Share your dilemmas and get honest opinions from other Mumsnetters.

...to feel this about cousin relationships?

300 replies

AliceAforethought · 04/03/2019 23:40

I was chatting with an acquaintance yesterday (a fellow school mum) and she mentioned that a cousin of hers was married to their own first cousin (on the other side, not related to the school mum). I may have said an apparently not too interested “Oh really?” but inside I thought “Eww!”.
The school mum laughed and said “the children seem normal... so far!”

I know it’s legal, but I can’t help but have a feeling of unease/ distaste about cousin relationships. AIBU to feel this? I read some time ago that the risks to any resultant children are not great, but then more recently that it was greater than previously thought.
The school mum clearly felt there was something a bit off about it, too!

Am fully prepared to be told IABU, but wondered if others felt like this? Sleeping with a cousin just seems to have a bit of an ick factor to me!

OP posts:
AliceAforethought · 05/03/2019 22:50

This reply has been deleted

Message deleted by MNHQ. Here's a link to our Talk Guidelines.

Gone4Good · 05/03/2019 22:50

I'm sure a lot of Pakistani people are disgusted and think 'ewwww' at drunk people getting off their tits on alcohol, throwing up in the streets, costing the NHS millions in taking care of drunken injuries and shagging one night stands but I don't see them posting sneery threads about it

Drunk people and one-night stand shaggers are disgusting and people should be all sneery about it in threads one MN as I imagine they are in private.

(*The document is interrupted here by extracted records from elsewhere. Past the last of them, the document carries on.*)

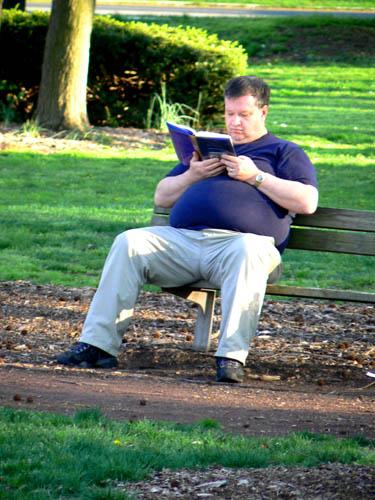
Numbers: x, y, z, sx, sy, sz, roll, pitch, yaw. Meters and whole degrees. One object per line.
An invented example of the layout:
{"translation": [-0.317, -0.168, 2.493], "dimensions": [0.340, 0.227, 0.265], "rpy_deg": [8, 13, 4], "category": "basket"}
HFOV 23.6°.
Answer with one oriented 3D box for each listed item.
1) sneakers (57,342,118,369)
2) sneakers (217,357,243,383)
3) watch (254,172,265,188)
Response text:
{"translation": [-0.579, 0.629, 5.290], "dimensions": [0.403, 0.170, 0.130], "rpy_deg": [10, -2, -4], "category": "sneakers"}
{"translation": [0.234, 0.671, 5.013], "dimensions": [0.151, 0.143, 0.176], "rpy_deg": [6, 5, 2], "category": "sneakers"}
{"translation": [0.427, -0.416, 5.385], "dimensions": [0.056, 0.079, 0.077], "rpy_deg": [24, -18, 14], "category": "watch"}
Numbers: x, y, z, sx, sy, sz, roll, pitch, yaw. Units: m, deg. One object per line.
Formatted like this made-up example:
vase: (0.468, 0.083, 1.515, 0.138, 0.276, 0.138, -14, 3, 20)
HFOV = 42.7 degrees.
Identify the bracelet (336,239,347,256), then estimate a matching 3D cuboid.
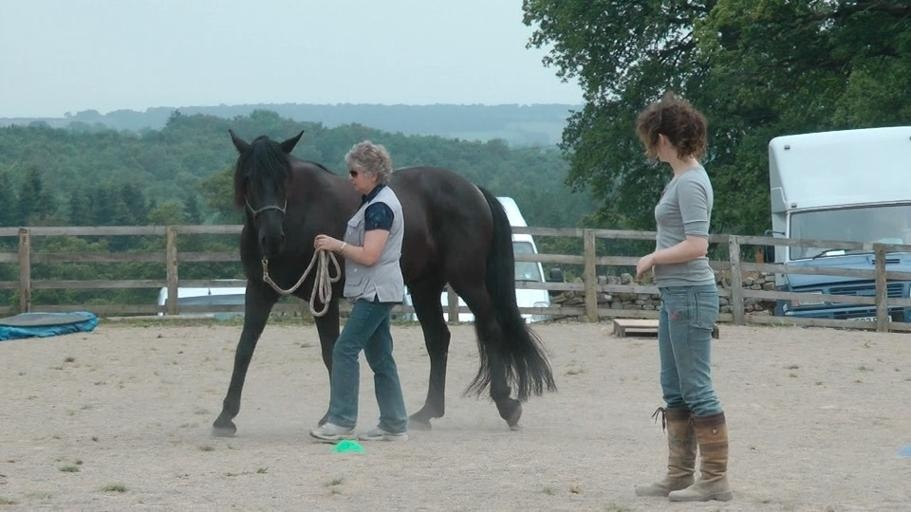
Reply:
bracelet: (-2.153, -0.151, 22.325, 0.112, 0.218, 0.231, 5, 6, -6)
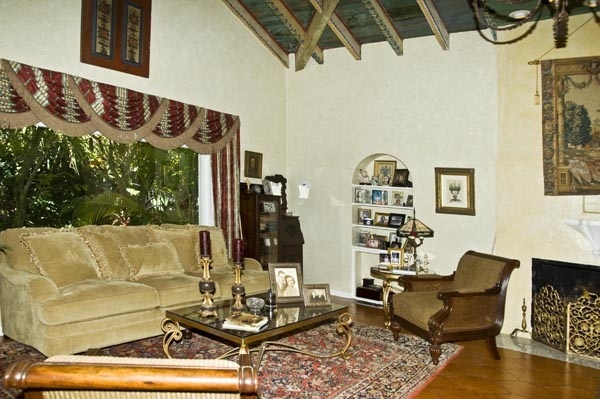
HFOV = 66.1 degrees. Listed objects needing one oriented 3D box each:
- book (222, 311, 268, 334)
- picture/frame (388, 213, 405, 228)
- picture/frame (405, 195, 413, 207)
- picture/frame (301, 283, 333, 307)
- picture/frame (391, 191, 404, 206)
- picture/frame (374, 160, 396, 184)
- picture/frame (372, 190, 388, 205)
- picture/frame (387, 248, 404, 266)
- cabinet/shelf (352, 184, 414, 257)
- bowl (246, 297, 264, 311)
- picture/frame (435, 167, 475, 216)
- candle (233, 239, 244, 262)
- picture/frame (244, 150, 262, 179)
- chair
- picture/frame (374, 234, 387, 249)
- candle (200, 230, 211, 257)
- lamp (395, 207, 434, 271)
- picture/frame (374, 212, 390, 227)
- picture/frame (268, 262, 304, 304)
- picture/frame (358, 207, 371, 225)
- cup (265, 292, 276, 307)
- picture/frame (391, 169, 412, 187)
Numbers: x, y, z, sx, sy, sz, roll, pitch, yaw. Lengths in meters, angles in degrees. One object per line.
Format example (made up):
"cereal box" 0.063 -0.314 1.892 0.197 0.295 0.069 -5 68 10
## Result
"book" -0.590 1.289 4.913 0.462 0.065 0.418 5 12 16
"picture/frame" 1.575 0.352 7.515 0.229 0.234 0.025 -3 -27 38
"picture/frame" 1.794 0.016 7.575 0.116 0.161 0.235 4 12 13
"picture/frame" 0.186 1.141 5.467 0.327 0.254 0.026 2 -17 -11
"picture/frame" 1.635 -0.020 7.692 0.193 0.206 0.350 4 12 11
"picture/frame" 1.457 -0.458 7.854 0.413 0.481 0.036 0 -5 34
"picture/frame" 1.361 -0.039 7.843 0.239 0.238 0.131 1 2 38
"picture/frame" 1.411 0.858 6.815 0.230 0.237 0.026 8 -5 44
"cabinet/shelf" 1.392 0.337 7.621 1.198 1.127 0.302 0 -2 41
"bowl" -0.507 1.176 5.216 0.157 0.104 0.162 2 -8 0
"picture/frame" 2.347 -0.119 6.916 0.716 0.925 0.074 0 0 40
"candle" -0.717 0.598 5.300 0.109 0.291 0.088 -1 13 -12
"picture/frame" -0.836 -0.615 8.016 0.039 0.538 0.512 -2 -3 36
"chair" 1.936 1.323 5.817 1.509 1.224 1.297 2 3 4
"picture/frame" 1.348 0.698 7.676 0.187 0.124 0.199 2 5 31
"candle" -1.073 0.495 5.198 0.115 0.303 0.179 -2 13 -15
"lamp" 1.697 0.632 6.824 0.526 0.822 0.488 -2 4 -32
"picture/frame" 1.386 0.346 7.767 0.249 0.219 0.018 1 -17 41
"picture/frame" -0.174 1.009 5.511 0.475 0.545 0.042 0 -20 -18
"picture/frame" 1.102 0.301 7.947 0.291 0.398 0.054 0 -2 21
"cup" -0.338 1.157 5.338 0.133 0.151 0.131 1 4 0
"picture/frame" 1.692 -0.347 7.619 0.278 0.307 0.171 -4 -13 43
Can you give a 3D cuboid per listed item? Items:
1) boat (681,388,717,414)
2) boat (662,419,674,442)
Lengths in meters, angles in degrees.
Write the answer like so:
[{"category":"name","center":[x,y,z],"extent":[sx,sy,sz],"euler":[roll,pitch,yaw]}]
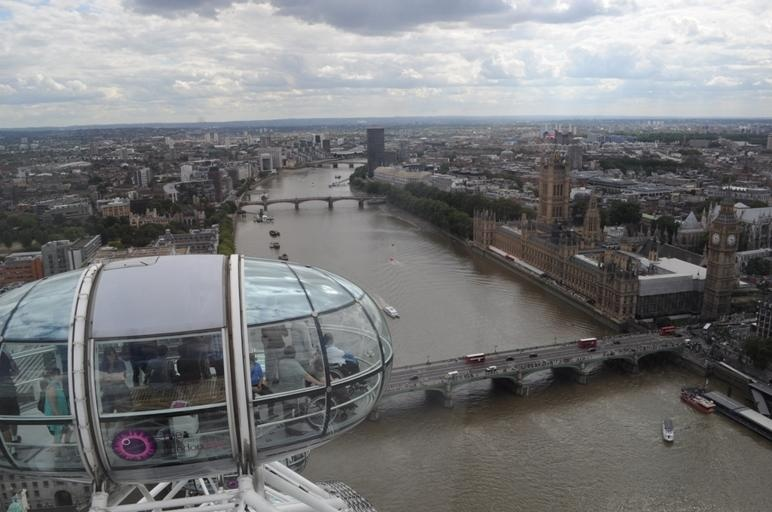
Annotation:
[{"category":"boat","center":[7.456,3.474,14.083],"extent":[0.362,0.167,0.535],"euler":[6,20,-24]},{"category":"boat","center":[6.154,3.813,12.854],"extent":[0.267,0.421,0.587],"euler":[-7,-10,24]}]
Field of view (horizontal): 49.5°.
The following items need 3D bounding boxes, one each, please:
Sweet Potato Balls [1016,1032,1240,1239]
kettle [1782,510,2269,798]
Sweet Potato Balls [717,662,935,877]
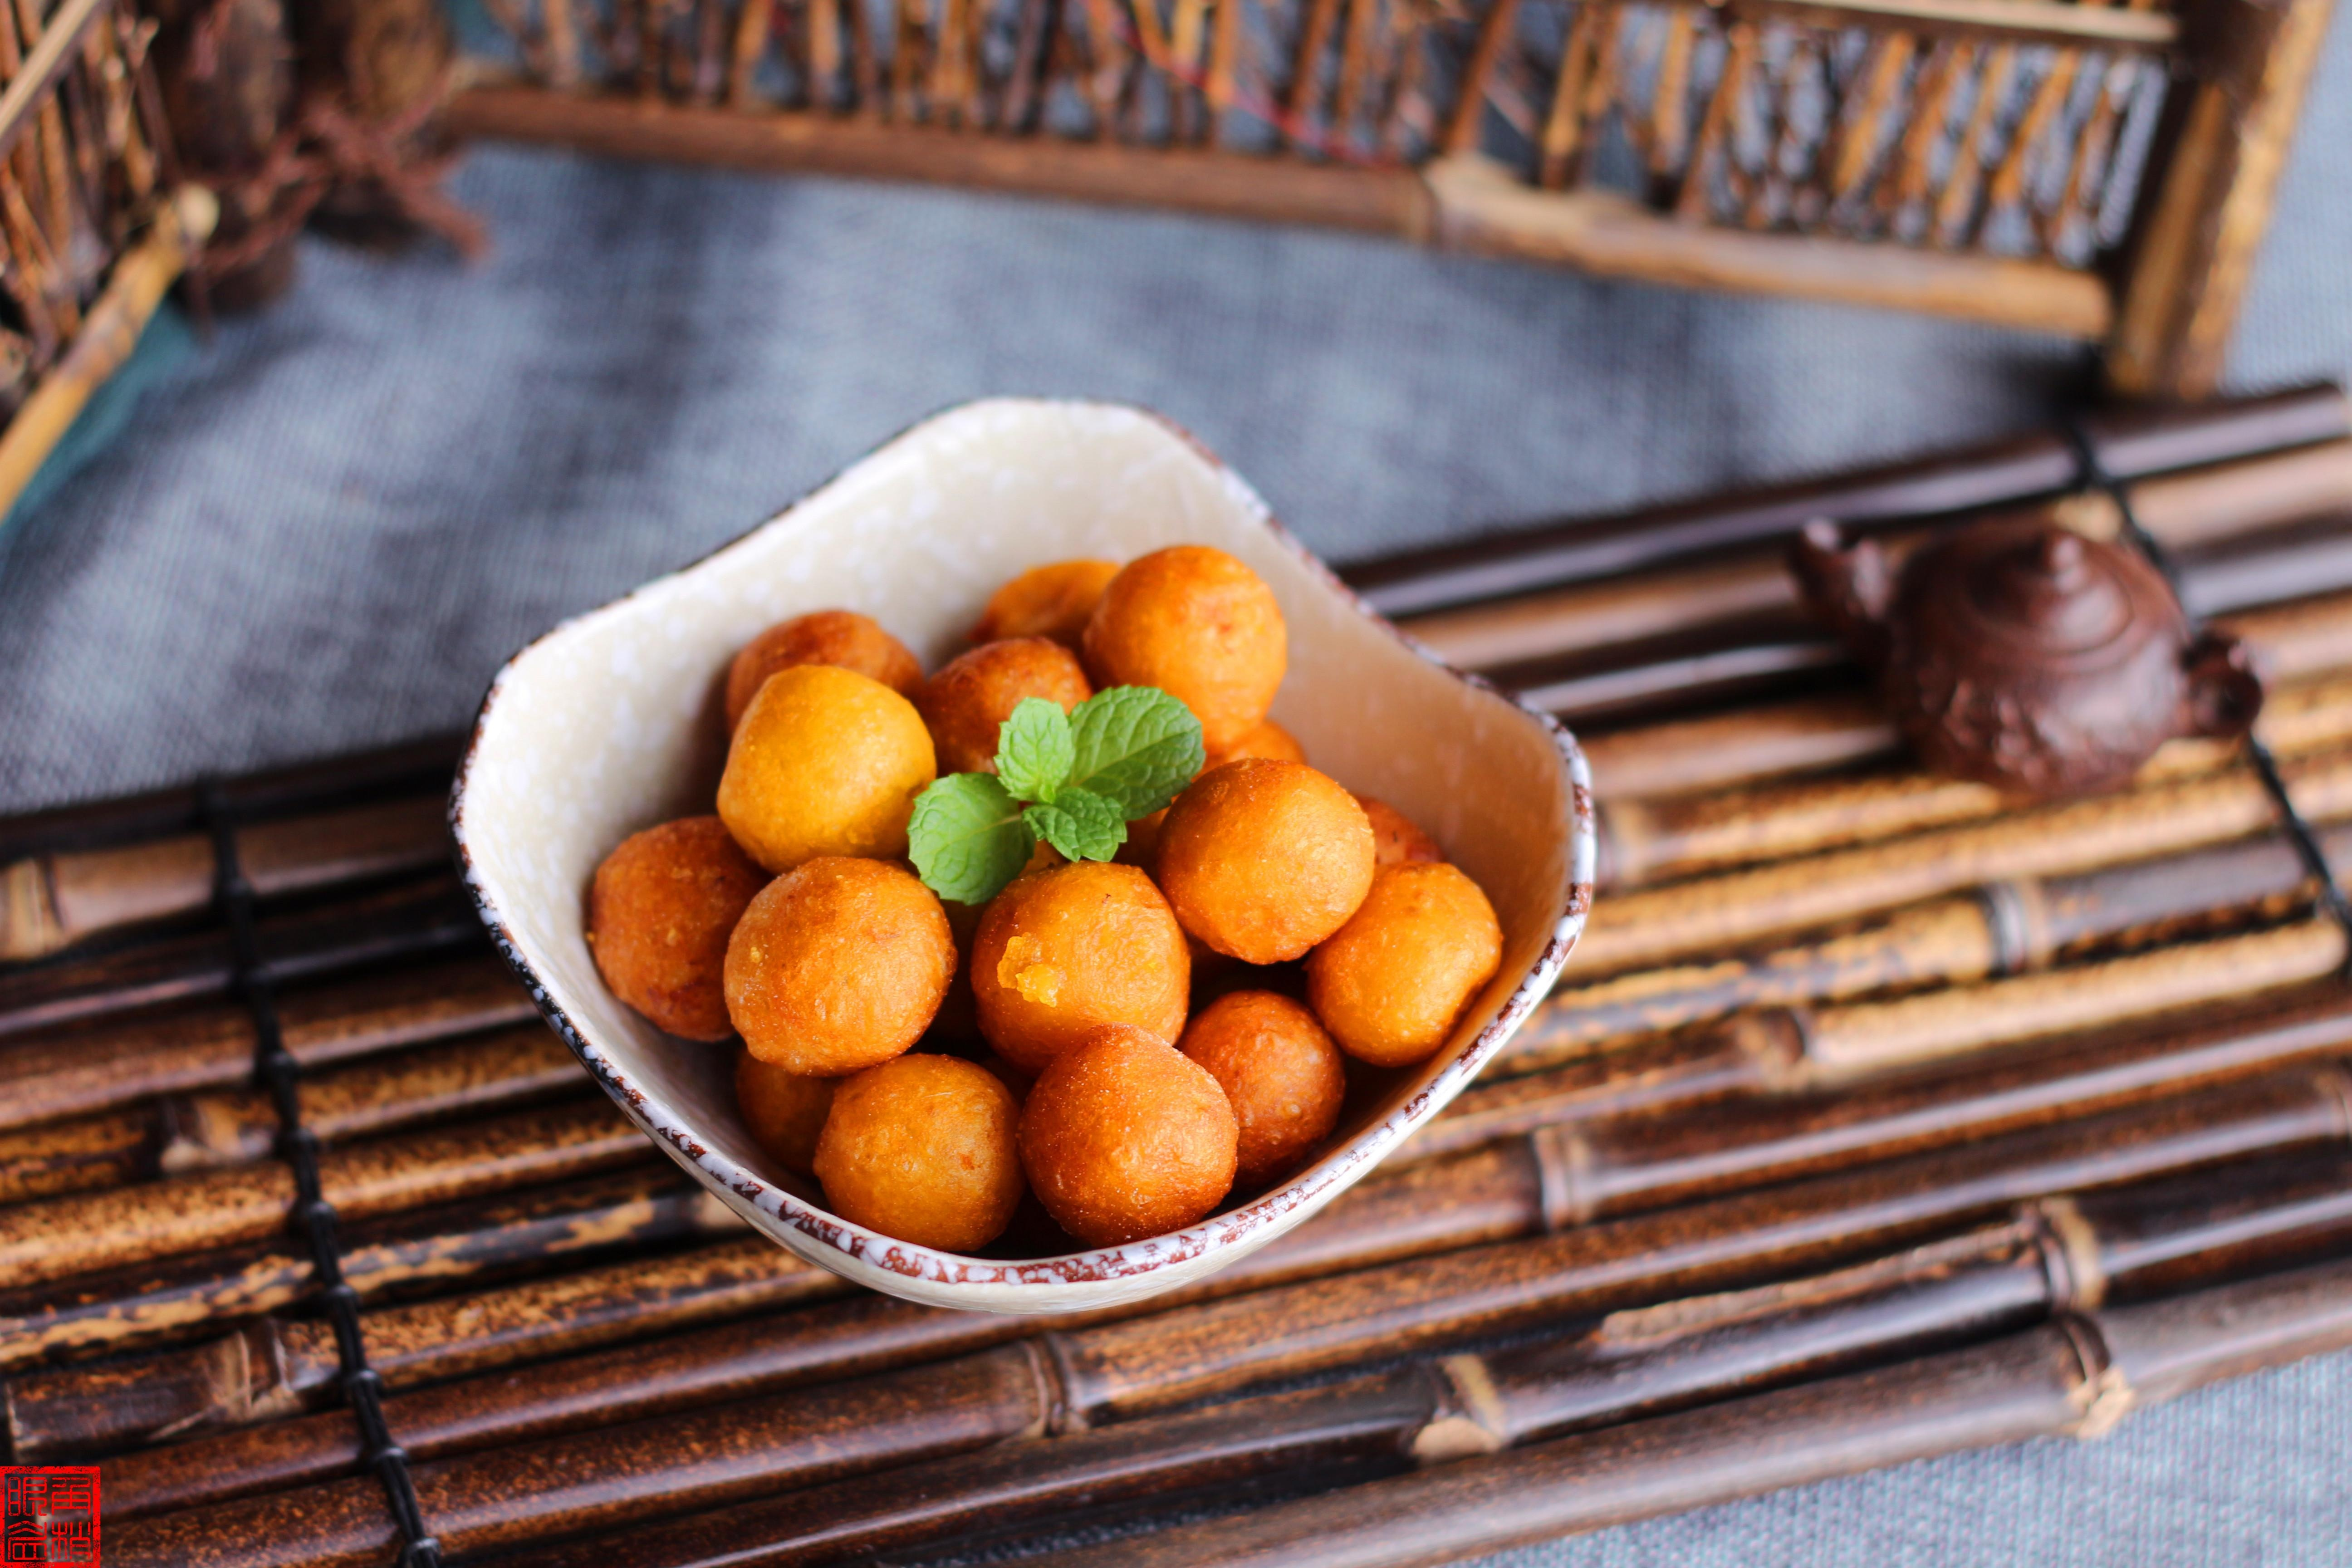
[{"bbox_3d":[-0.016,0.208,1.526,0.099,0.126,0.103,-18,64,42],"label":"Sweet Potato Balls"},{"bbox_3d":[0.613,-0.090,1.816,0.278,0.169,0.200,15,54,10],"label":"kettle"},{"bbox_3d":[-0.226,0.003,1.595,0.137,0.162,0.095,2,85,0],"label":"Sweet Potato Balls"}]

Thurmanmurman · 05/03/2019 22:52

My BIL once had a fling with his second cousin. He’s never lived it down! I suppose the ‘ick’ factor depends on how close the family is. My first cousins (14 of them) are mainly female but of the few males, I see them more as brothers and could definitely not fancy them, let alone anything else.

Bananasarenottheonlyfruit · 05/03/2019 22:57

It used to be very common in tight knit communities, where few outsiders moved in. The village my grandparents lived in mostly consisted of people with one of two surnames, who all married amongst each other. They were all cousins in some shape or form.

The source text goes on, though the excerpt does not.